According to Aristotle, virtue is its own reward
A virtue-based approach to the question of taking a Ukrainian refugee into your home would not mention the word “duty”. Rather it would ask how might this enable you to better flourish or to be in harmony with nature – something that encompasses our fractured humanity.
According to Aristotle (from whom all the major world religious heavily borrowed), virtue is its own reward. What’s more, boasting about, or even publicising, one’s virtue negates it. So any individual who is thinking about taking a refugee into their home should be allowed to keep that decision private.
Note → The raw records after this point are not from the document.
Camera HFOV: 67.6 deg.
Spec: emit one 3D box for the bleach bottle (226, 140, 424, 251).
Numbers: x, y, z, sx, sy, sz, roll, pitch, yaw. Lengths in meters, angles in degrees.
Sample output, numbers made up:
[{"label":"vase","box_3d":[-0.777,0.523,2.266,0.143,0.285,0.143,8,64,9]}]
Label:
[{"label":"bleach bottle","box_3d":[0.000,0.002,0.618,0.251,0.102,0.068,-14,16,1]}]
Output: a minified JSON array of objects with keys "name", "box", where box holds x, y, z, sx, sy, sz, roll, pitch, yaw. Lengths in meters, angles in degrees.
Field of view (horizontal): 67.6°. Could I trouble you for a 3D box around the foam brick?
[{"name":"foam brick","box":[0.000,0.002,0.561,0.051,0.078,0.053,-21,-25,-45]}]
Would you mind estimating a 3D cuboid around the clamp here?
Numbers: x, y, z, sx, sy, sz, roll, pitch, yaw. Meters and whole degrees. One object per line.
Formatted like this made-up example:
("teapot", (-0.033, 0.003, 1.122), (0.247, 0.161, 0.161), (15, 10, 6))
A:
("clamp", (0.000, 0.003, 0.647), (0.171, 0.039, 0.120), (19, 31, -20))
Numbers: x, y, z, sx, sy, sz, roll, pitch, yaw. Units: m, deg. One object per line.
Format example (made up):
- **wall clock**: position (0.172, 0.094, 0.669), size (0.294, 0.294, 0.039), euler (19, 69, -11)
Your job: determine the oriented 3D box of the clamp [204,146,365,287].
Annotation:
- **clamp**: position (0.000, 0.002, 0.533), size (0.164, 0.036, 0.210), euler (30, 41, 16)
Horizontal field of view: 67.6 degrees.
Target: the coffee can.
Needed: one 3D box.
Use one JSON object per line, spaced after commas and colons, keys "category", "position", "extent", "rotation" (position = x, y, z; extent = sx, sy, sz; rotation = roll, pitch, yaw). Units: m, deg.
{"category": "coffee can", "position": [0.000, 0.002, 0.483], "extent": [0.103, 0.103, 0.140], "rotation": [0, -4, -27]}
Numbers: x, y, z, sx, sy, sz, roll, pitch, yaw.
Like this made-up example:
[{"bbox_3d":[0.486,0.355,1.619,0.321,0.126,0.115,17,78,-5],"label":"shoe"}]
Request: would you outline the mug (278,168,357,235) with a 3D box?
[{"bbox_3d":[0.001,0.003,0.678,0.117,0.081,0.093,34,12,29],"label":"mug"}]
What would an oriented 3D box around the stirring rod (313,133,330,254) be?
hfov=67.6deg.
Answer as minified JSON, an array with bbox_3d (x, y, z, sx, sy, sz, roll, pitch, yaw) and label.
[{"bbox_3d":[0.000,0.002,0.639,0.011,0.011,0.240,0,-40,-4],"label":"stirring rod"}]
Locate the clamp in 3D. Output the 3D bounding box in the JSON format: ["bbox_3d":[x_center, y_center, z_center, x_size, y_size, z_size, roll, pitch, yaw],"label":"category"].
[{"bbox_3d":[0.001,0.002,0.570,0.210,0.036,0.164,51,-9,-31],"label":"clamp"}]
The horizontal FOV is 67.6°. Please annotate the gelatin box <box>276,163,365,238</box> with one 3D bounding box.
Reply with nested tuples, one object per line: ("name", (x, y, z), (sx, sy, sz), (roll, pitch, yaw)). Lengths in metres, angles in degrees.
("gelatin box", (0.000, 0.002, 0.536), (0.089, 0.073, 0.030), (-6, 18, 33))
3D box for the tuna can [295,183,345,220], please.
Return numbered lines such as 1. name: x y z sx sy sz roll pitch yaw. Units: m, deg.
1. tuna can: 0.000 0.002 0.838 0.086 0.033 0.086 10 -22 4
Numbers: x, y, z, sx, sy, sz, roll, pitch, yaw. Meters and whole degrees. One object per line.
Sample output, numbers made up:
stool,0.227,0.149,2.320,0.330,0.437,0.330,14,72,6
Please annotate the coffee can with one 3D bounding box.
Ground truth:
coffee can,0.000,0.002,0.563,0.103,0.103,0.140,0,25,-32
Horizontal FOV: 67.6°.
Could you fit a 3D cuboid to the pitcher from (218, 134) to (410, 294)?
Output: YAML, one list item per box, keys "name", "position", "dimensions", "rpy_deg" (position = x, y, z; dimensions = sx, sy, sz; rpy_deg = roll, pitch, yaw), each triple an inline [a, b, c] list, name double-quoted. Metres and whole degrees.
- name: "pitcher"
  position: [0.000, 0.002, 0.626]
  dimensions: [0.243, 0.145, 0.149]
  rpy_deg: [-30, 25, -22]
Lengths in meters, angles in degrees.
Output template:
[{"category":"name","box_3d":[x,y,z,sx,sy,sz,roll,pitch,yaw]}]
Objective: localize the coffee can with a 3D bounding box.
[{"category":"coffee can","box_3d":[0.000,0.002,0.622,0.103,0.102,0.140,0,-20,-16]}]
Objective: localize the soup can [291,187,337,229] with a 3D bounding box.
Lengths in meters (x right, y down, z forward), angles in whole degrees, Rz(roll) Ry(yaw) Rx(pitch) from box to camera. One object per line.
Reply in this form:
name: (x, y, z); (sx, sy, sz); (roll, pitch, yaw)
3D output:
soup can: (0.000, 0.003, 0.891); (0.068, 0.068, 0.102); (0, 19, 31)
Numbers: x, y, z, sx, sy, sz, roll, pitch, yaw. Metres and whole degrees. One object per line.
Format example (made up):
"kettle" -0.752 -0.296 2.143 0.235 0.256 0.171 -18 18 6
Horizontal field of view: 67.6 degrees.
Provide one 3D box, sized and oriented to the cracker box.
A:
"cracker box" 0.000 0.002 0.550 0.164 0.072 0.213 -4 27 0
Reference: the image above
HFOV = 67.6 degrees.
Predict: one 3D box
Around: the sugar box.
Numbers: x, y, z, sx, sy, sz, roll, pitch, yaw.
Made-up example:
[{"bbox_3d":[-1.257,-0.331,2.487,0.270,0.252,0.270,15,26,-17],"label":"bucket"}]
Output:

“The virtues are the qualities that persons need in order to live harmoniously in well-functioning communities; they are not public demands,” Zagzebski points out.
A professor of philosophy at University of Oklahoma, Zagzebski is on an enthusiastic mission to put moral philosophy on a sound footing. Reminiscent of Alasdair MacIntyre’s influential 1981 treatise After Virtue, though more conciliatory in tone, The Two Greatest Ideas locates hope in the promotion of a third idea: “that the human mind can grasp another mind”.
She imagines a “new science” that explores how our “subjective worlds” interact, as this “has the potential to help us overcome our many interpersonal and political conflicts”. The ultimate goal would be, not objectivity (as Aristotle would wish) nor subjectivity (in the modern sense of grasping how one’s mind works), but rather “omnisubjectivity”. This Zagzebski defines as “the perfect grasp of every conscious state of every conscious being who ever lived or ever will live from the first-person perspective of that being”.
A rather ambitious project, I think you’ll agree. So maybe just for now we should all cut ourselves a little slack and perhaps not be so judgmental.